Mechanism Behind Voltage Drop During Discharge:LiPo batteries, like other lithium-ion chemistries, work on the principle of moving lithium ions between the anode and cathode. When the battery is charged, the lithium ions are primarily at the anode. As the battery discharges, these ions move to the cathode, releasing energy in the process. As more and more ions move to the cathode during discharge, the potential difference (voltage) between the anode and cathode decreases, leading to the observed voltage drop.

To understand how they discharge their energy and why their voltage can drop below the nominal value under specific loads, we must delve into the battery's electrochemistry and operational characteristics.

1. LiPo Discharge Mechanism:

LiPo batteries operate based on the movement of lithium ions between the battery's two electrodes: the anode and the cathode.

• Full Charge: At full charge, the anode holds a concentration of lithium ions. This accumulation results in the battery's voltage peaking (typically 4.2V per cell).
• Discharge: When connected to a device or load, the battery completes an electrical circuit. Lithium ions migrate from the anode, travel through the external circuit (powering the device), and embed themselves in the cathode. This movement of ions from the anode to the cathode releases energy, which manifests as the electrical power supplied to the device.
• Nominal Voltage: As the battery discharges and more ions move to the cathode, the voltage starts to drop. The point where the battery operates most of its usable life is termed its "nominal voltage" (commonly 3.7V per cell for LiPo batteries). It's an average or midpoint in the battery's discharge curve.

2. Why Battery Voltage Drops Below Nominal Under Certain Loads:

The observed voltage of a battery under load (when it's powering a device) versus its open-circuit voltage (no load) can vary, especially under high loads.
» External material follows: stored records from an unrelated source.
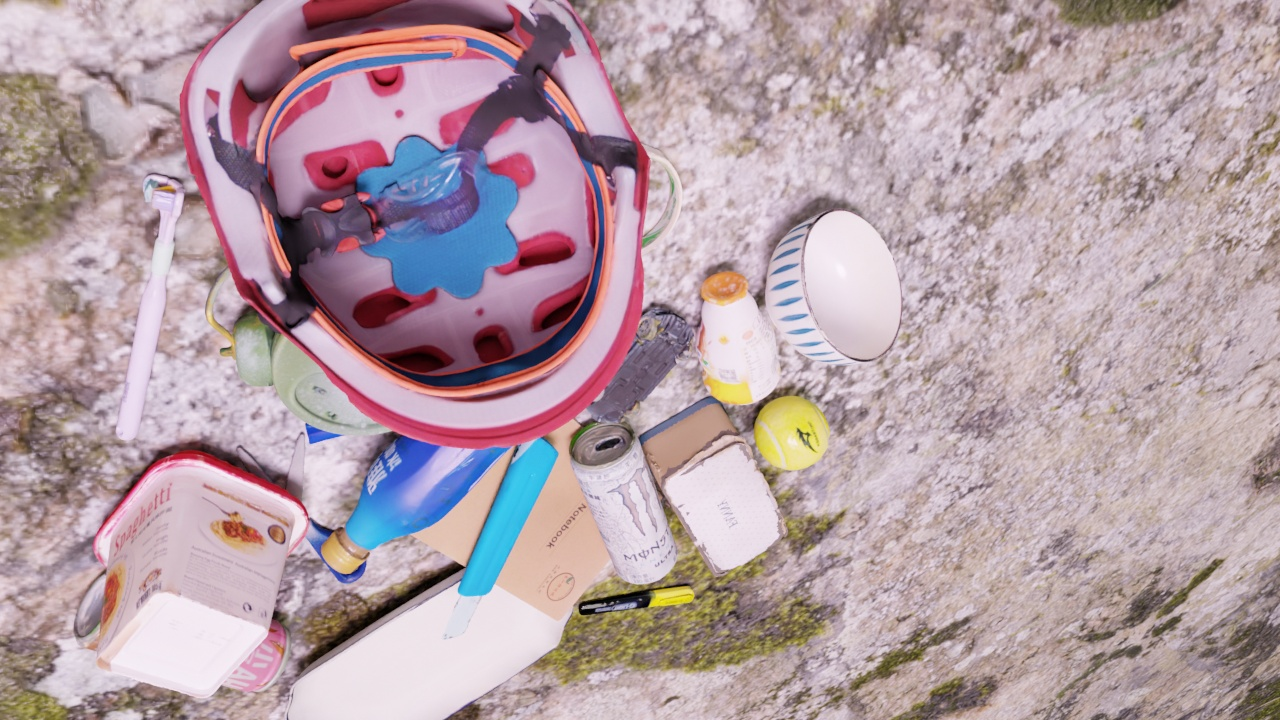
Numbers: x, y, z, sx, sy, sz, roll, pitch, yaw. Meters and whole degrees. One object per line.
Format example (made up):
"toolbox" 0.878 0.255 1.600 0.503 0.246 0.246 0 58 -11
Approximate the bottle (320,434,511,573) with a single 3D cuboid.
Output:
"bottle" -0.141 0.069 0.648 0.219 0.065 0.065 -44 132 7

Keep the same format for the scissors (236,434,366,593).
"scissors" -0.270 0.129 0.699 0.161 0.012 0.163 -39 131 7

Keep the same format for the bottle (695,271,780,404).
"bottle" 0.073 -0.017 0.709 0.063 0.063 0.108 -23 133 -7

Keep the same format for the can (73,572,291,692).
"can" -0.342 0.207 0.695 0.058 0.058 0.147 -42 133 10

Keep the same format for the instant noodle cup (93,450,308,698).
"instant noodle cup" -0.296 0.144 0.613 0.116 0.124 0.116 35 108 -33

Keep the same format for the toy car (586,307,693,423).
"toy car" -0.004 0.004 0.711 0.049 0.031 0.106 29 109 -38

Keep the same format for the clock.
"clock" -0.192 -0.018 0.587 0.161 0.056 0.116 25 112 -38

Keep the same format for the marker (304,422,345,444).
"marker" -0.168 0.037 0.669 0.145 0.017 0.017 -13 131 -17

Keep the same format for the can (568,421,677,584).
"can" -0.013 0.120 0.764 0.058 0.058 0.147 -23 126 -7

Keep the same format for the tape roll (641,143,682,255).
"tape roll" -0.013 -0.107 0.629 0.085 0.014 0.086 -13 131 -16

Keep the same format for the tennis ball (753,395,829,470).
"tennis ball" 0.132 0.063 0.802 0.065 0.065 0.066 -13 131 -16

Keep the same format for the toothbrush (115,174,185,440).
"toothbrush" -0.300 -0.023 0.555 0.021 0.029 0.190 -31 152 -57

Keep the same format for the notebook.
"notebook" -0.080 0.123 0.760 0.147 0.008 0.207 -49 133 -6

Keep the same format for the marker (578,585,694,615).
"marker" -0.003 0.241 0.917 0.124 0.015 0.018 -2 124 -22

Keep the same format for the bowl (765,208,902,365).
"bowl" 0.138 -0.051 0.698 0.116 0.116 0.066 18 160 -36

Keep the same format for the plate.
"plate" -0.190 0.263 0.830 0.266 0.034 0.162 -33 133 2

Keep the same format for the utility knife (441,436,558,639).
"utility knife" -0.114 0.142 0.725 0.034 0.018 0.188 21 99 -31

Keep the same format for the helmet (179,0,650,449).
"helmet" -0.107 -0.080 0.493 0.206 0.144 0.240 -23 104 -10

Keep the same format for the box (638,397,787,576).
"box" 0.065 0.113 0.816 0.090 0.061 0.184 -29 131 -3

• Internal Resistance: Every battery has an intrinsic property known as 'internal resistance,' a result of the battery's internal components and chemistry. This resistance opposes the flow of current. When a load is applied, a portion of the battery's voltage is dropped across this internal resistance, leading to a phenomenon known as "voltage sag."Using Ohm's Law (V=I×R), the voltage drop (ΔV) across the internal resistance (Rinternal​) can be calculated as: ΔV=Iload​×Rinternal​ Where Iload​ is the current drawn by the external load. For high current draws (large Iload​), this voltage drop can be substantial, causing the observed battery voltage to momentarily dip below its nominal value.
• Chemical Limitations: The rate at which ions can move between the anode and cathode is limited. Under heavy loads, the demand for ions can momentarily outpace the battery's ability to supply them, causing a temporary drop in voltage.
• Battery State of Charge: As the battery discharges and gets closer to its depleted state, it has fewer ions to supply under heavy loads. This state can exacerbate voltage sag.

In essence, while the nominal voltage provides a generalized midpoint for the battery's operational life, the actual observed voltage can fluctuate based on internal battery characteristics and external demands. It's essential to ensure LiPo batteries aren't subjected to excessive loads that could cause significant voltage drops, as repeatedly doing so can reduce the battery's lifespan or even pose safety risks.

In conclusion, the charging and operational voltages of LiPo batteries are intrinsic to their chemistry and design. Proper understanding and management of these voltages are crucial for ensuring the longevity and safe operation of these batteries.